Sterling Paulson, ’18, enrolled in the practicum this year in part because he has a personal interest in indigenous culture but also for the opportunity to learn about a different jurisdiction that exists alongside state and federal law.

“It’s been fascinating seeing how tribal custom is woven in right next to U.S. constitutional law and state statutes,” said Paulson, whose wife is a member of the Osage Nation. “In tribal court, you’ll see testimony from tribal elders right next to long-accepted common law from England. Indian law is unique in that way, and it’s so interesting to me.”

Hopi, for instance, is a matrilineal society, which means that disputes over property and inheritance are often tied to clan relationships through the female line. An inheritance claim that goes one way in state court might go the other way in Hopi court.
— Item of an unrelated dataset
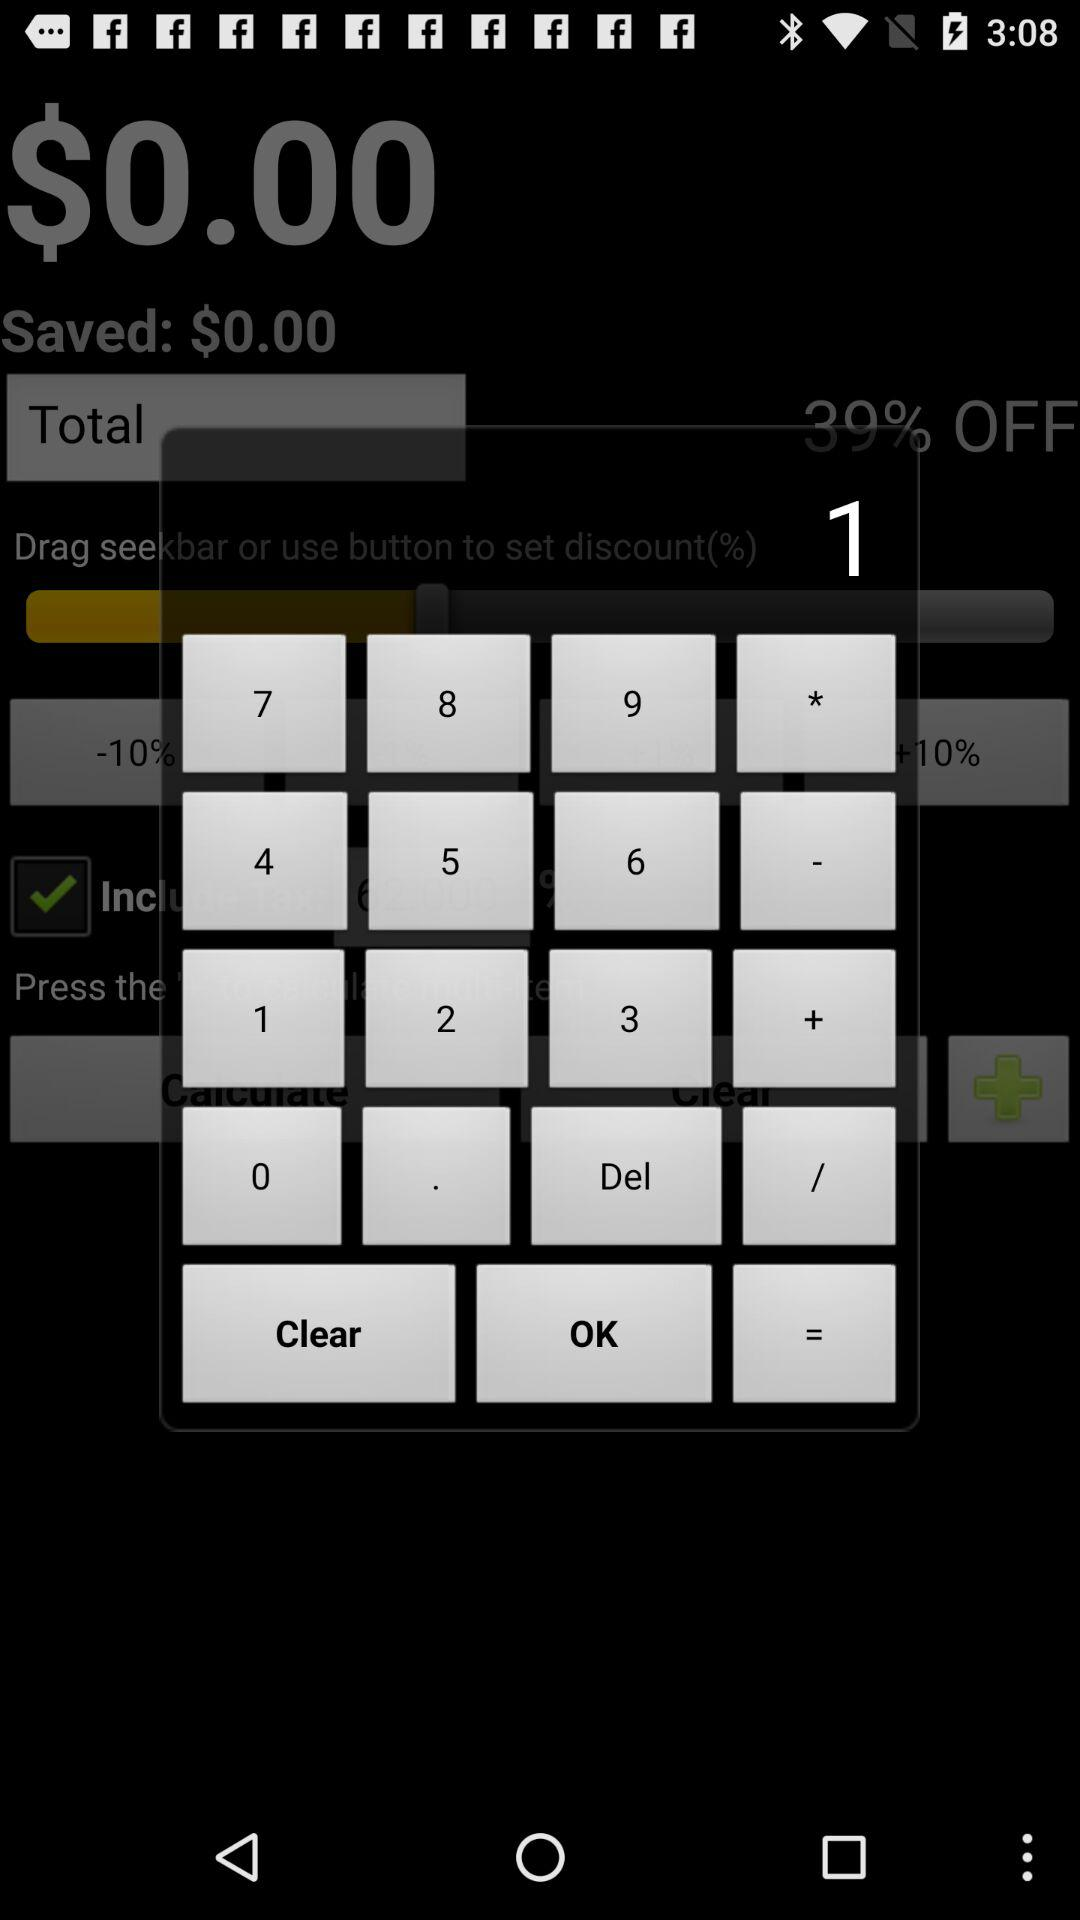What is the difference between the total and saved amount?
Answer the question using a single word or phrase. $0.00 
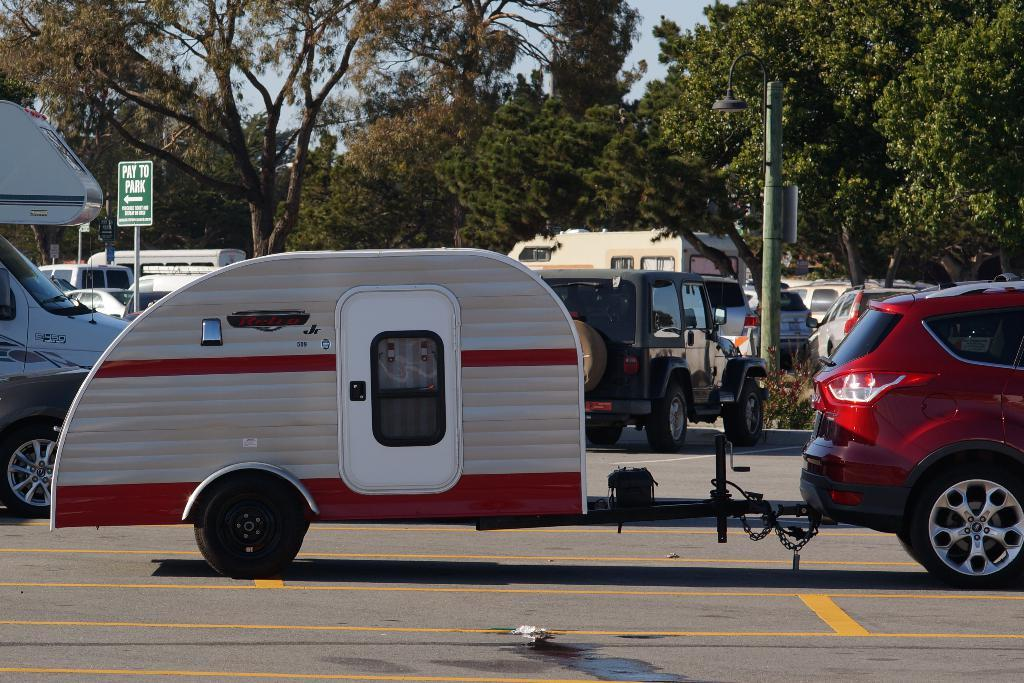<image>
Relay a brief, clear account of the picture shown. Green sign on a street which says PAY TO PARK.

“It’s not just codified statutes that we’re working with—it’s tribal customs and unique history and heritage,” Paulson said. “With anything pertaining to Indian law there are always unique questions that you don’t encounter in other places. So as an outsider, you have to work to build that understanding.”

American Indian law is, of course, a product of the complicated history that created it. Tribes possess a nationhood status and retain inherent powers of self-government, a guiding principle of federal Indian law that was articulated by U.S. Supreme Court Chief Justice John Marshall when the governmental authority of tribes was first challenged in the 1830s. But over the years, various treaties, acts of Congress, executive orders, federal administrative agreements, and court decisions have limited sovereignty. Although tribes participate in decisions about their citizens and property, tribal law doesn’t always apply, particularly when non-tribal actors are involved. And not all tribal courts are the same. Some tribes are still covered by CFR courts, and among those with their own court systems, traditions vary widely. Some, like Hopi, hew closely to the U.S. legal system. Nearly all are relatively young and many are understaffed.

In Hopi, appellate court clerks provide needed support, allowing judges to be more thorough and timely. In recent years, the clerkship program has given judges the space to focus more attention on issues involving tribal custom, and to integrate traditional norms into the common law, said Sekaquaptewa, the Hopi appellate judge who helped create the clerkship program as a law student two decades ago. “It made it so the Hopi community wanted to use their courts,” she said. “It helped instill faith in the system.”

The students, in addition to gaining practical experience, learn how to connect the ideas of a different culture and different legal system to their knowledge of U.S. law.

“It really helps them understand the U.S. system better—and to have more tolerance and respect for other cultures,” Sekaquaptewa said. “There’s something about native judges and students working through these problems together that is extremely rewarding and valuable. You’re not getting outsider do-gooders in and imposing their sense of everything onto a different culture. It’s much more symbiotic—and necessary, too, because the modern world is interconnected.”

Baser can attest to the impact. After she graduated from the Law School last spring, she moved to Santa Fe to work for Holland & Hart in the Energy, Environmental, and Natural Resources practice group. Her work doesn’t focus specifically on American Indian law, but in New Mexico native issues intersect regularly—and she arrived ready for that. Sometimes, when she’s dealing with both federal and New Mexico state law, she hears echoes of the jurisdictional tangles she encountered as Hopi clerk.

She was thrilled to see the clerkship become part of a formal program at the Law School, where it can offer other students the opportunity to explore the cultural, historical, and legal issues that captured her interest.

“The students who go to Hopi and work with the appellate judges will see what an interesting and vibrant culture there is—and how important tribal sovereignty and the existence of tribal courts and the existence of bodies of tribal law are,” she said. “This is a real facet of our legal world that people don’t see when they live far away from major reservations.”